[Dataset excerpts — start]

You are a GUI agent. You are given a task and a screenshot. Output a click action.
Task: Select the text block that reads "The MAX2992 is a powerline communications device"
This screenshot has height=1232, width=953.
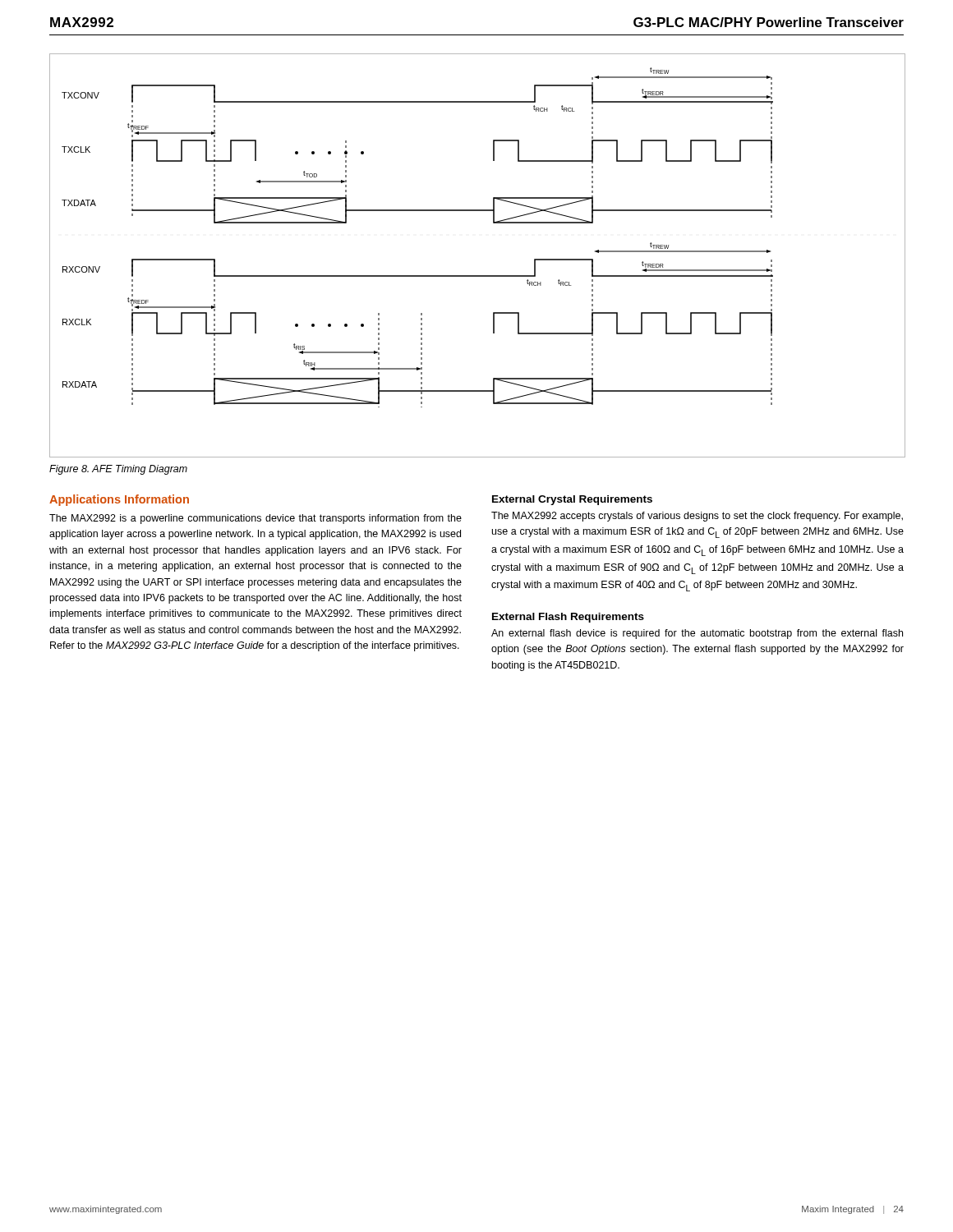point(255,582)
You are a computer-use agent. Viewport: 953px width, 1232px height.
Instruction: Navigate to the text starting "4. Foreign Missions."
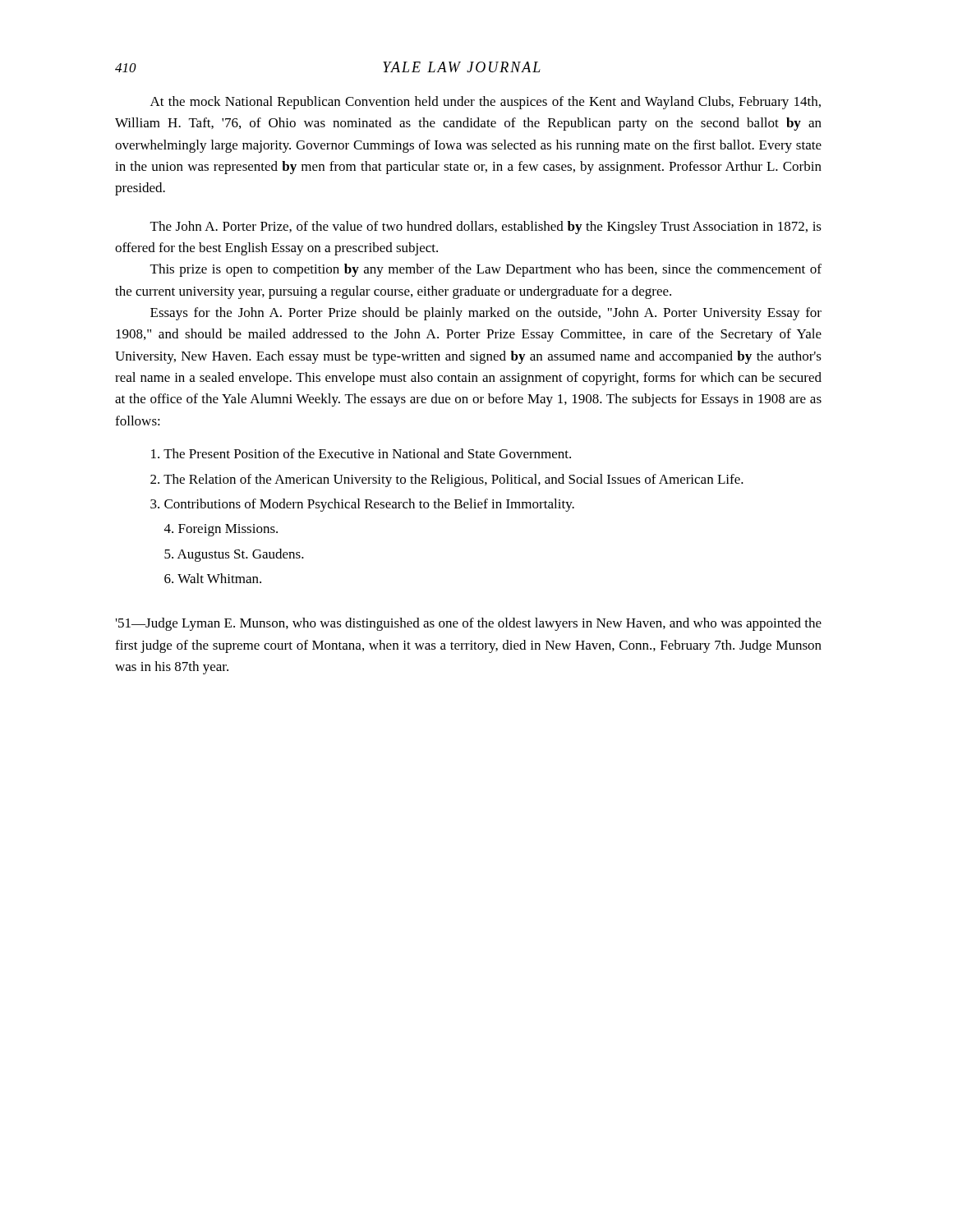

[Dataset excerpts — finish]

Aim of the task: The lines above that hold "text" are the result; show every one of them.

Exercise response:
Task: Select the text block that reads "The MAX2992 is a powerline communications device"
Instruction: Navigate to the text starting "4. Foreign Missions."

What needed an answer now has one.